* [ENTRIES SHOWN]:
:::::
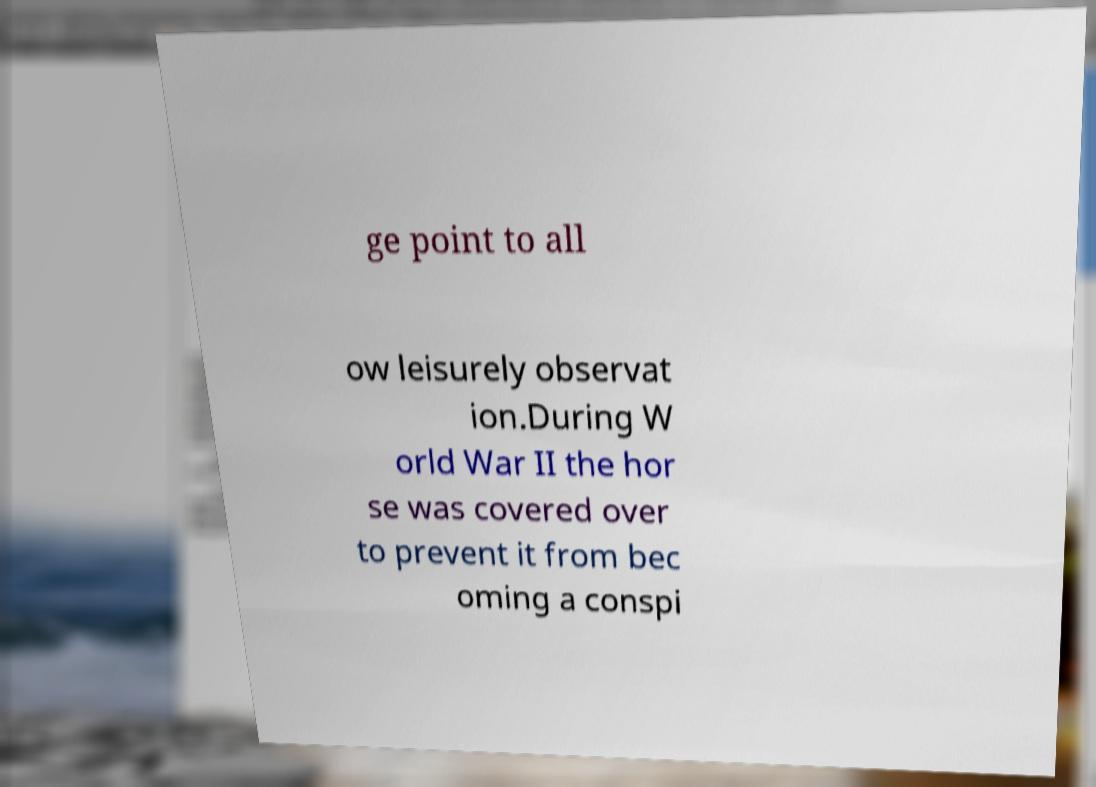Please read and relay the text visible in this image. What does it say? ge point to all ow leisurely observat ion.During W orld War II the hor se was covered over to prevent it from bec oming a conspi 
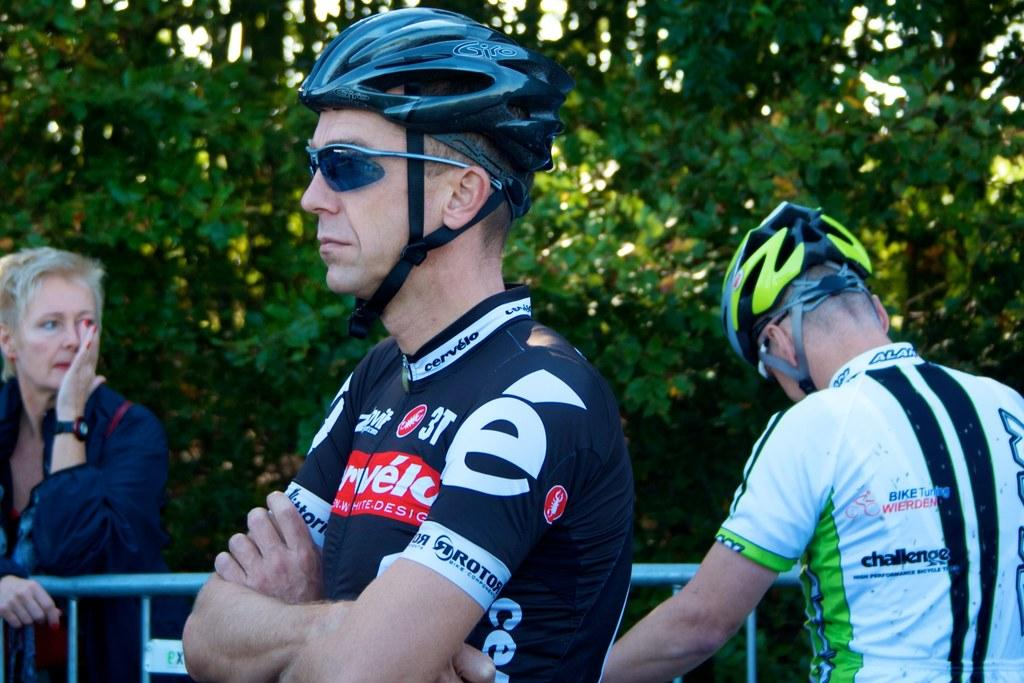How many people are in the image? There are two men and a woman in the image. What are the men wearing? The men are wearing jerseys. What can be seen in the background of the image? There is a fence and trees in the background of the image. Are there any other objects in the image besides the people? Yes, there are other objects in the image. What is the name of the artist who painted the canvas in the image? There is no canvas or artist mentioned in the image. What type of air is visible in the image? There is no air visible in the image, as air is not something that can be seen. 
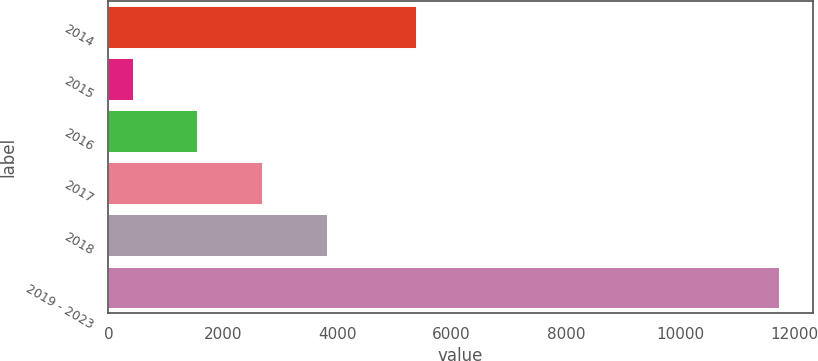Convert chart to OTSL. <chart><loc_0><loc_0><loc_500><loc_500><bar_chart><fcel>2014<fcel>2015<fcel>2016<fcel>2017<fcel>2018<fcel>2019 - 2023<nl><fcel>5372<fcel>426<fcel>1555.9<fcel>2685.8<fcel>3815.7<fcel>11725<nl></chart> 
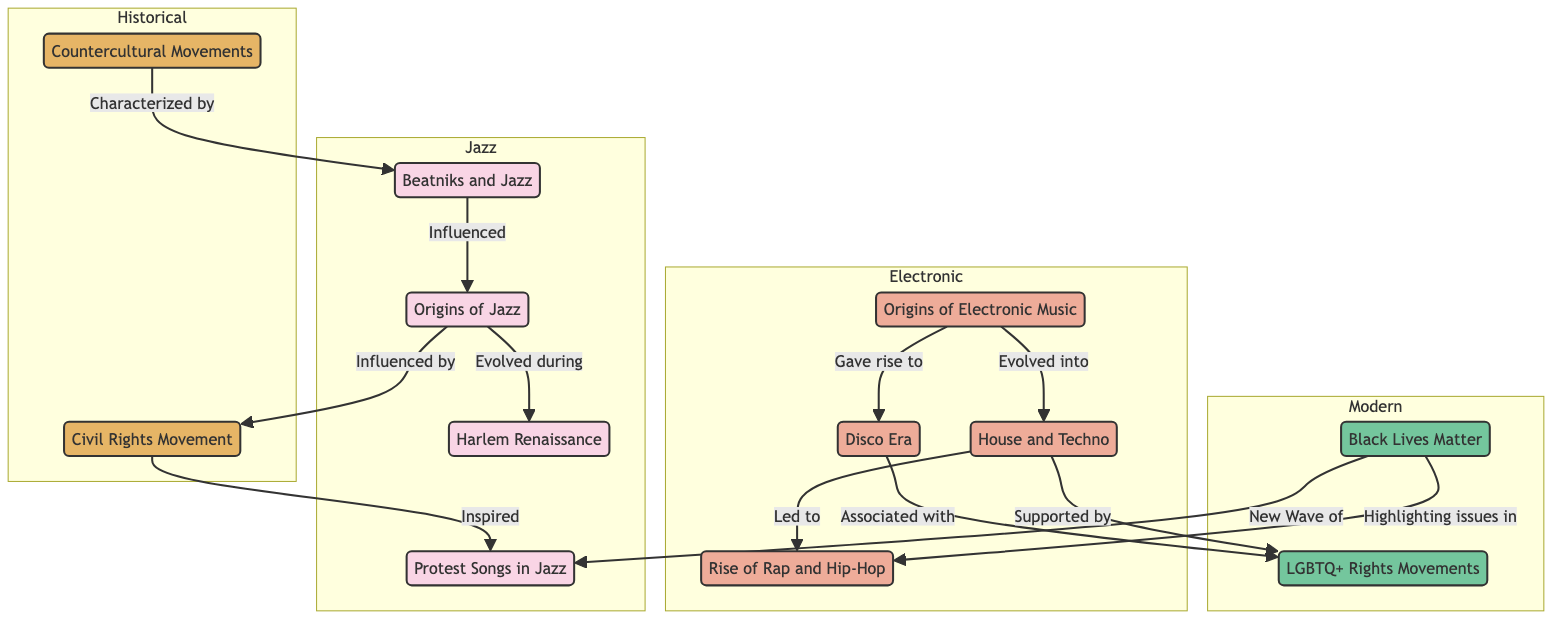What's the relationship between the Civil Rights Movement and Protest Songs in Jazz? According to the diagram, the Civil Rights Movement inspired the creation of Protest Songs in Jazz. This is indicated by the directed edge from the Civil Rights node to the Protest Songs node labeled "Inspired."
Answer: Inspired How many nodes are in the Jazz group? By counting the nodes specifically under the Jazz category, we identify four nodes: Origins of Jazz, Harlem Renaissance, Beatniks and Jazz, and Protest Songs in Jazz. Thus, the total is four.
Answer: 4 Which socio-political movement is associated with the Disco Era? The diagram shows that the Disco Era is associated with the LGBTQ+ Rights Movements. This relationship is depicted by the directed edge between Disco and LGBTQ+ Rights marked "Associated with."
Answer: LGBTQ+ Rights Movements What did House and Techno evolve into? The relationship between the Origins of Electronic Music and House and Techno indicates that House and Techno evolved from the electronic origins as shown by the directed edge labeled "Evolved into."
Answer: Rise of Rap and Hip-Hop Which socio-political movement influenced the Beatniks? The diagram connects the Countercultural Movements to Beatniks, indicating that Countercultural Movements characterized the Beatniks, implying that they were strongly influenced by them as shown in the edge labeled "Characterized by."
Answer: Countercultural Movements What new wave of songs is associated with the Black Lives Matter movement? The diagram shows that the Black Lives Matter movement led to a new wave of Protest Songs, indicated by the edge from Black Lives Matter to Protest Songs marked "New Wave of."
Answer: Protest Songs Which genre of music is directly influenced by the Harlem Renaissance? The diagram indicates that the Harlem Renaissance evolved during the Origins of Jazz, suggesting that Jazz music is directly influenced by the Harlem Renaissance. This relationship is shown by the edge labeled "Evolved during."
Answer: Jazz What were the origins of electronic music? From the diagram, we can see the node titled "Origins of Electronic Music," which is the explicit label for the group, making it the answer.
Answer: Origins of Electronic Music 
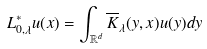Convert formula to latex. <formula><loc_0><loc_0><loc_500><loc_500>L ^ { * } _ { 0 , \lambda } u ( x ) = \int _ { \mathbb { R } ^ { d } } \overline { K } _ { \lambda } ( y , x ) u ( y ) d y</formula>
:::::
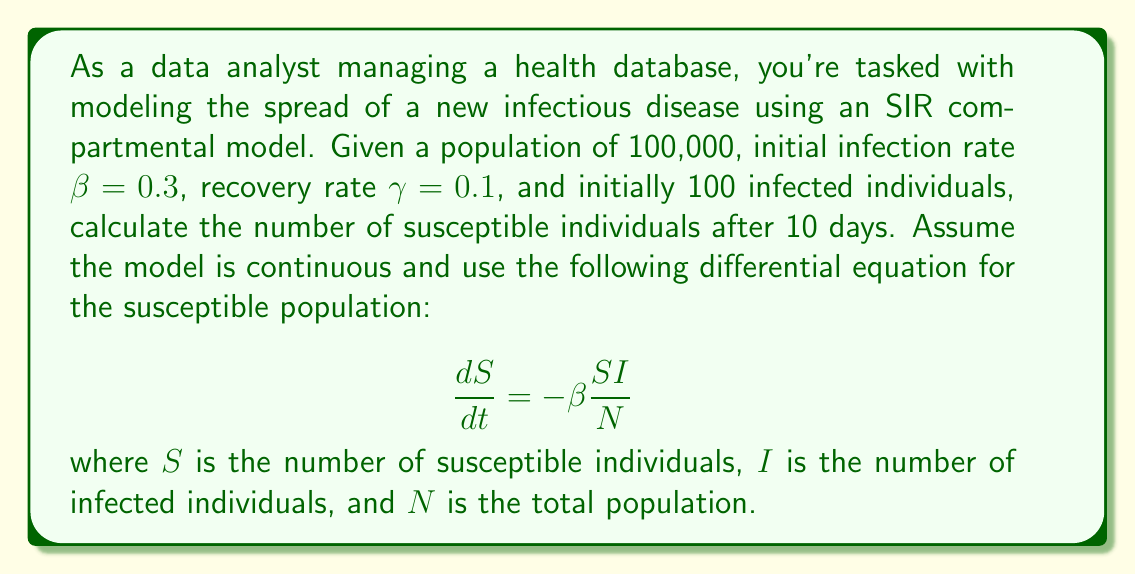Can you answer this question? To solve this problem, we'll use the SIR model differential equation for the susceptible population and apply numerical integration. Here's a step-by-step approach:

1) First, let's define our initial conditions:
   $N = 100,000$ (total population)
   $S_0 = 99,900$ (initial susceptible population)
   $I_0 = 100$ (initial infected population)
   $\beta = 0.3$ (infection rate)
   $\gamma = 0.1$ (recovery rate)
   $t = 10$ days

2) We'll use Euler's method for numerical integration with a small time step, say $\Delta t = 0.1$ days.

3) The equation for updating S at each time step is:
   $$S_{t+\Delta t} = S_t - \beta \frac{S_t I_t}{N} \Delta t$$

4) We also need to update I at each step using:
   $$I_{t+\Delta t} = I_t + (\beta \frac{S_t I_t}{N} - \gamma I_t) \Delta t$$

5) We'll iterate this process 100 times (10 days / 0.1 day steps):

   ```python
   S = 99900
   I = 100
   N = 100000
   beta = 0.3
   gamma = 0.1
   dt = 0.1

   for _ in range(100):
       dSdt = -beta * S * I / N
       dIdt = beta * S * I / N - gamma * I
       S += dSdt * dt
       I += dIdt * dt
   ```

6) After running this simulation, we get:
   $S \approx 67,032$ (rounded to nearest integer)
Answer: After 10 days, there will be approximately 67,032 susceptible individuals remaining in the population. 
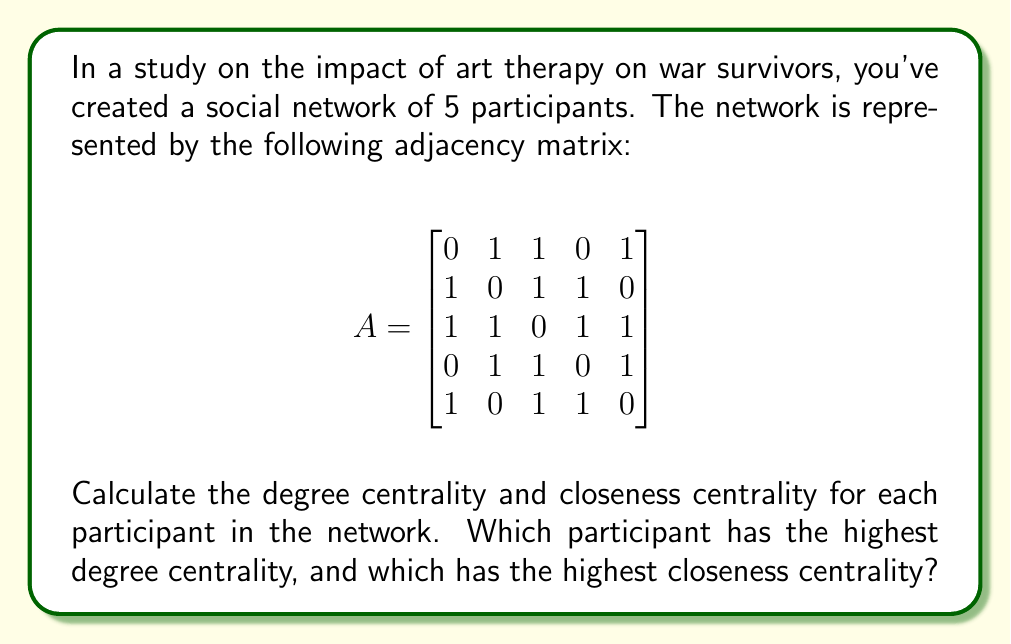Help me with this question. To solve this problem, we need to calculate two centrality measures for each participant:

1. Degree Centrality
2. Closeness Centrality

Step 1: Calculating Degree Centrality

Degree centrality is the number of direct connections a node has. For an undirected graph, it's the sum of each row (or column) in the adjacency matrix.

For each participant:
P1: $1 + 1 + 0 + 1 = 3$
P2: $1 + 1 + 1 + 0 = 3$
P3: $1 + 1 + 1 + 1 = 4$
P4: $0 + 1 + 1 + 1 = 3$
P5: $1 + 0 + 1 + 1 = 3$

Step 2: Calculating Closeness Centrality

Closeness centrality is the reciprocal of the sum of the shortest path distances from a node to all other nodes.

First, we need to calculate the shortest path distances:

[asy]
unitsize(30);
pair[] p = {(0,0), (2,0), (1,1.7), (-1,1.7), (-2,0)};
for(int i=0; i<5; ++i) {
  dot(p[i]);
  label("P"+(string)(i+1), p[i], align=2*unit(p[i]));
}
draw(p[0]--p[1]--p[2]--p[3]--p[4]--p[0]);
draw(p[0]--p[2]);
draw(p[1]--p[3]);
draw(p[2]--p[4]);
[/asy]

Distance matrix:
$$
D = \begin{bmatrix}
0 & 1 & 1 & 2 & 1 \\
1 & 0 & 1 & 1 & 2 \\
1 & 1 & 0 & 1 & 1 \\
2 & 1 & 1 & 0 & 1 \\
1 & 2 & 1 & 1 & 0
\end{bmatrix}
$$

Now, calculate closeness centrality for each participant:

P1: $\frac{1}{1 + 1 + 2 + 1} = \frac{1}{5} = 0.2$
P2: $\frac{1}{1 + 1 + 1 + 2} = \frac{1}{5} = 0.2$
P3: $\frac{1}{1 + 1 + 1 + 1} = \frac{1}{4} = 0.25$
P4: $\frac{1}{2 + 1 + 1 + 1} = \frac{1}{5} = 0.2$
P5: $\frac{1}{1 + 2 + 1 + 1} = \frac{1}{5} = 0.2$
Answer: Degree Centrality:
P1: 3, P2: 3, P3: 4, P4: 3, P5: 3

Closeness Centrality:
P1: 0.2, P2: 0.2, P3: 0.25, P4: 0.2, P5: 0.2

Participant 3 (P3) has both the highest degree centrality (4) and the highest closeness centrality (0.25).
:::::
* [TASK DIRECTIONS]:
Respond with a single number: the count of lines in the entries above that contain the string "frac".

* [PROBLEM SOLUTION]:
7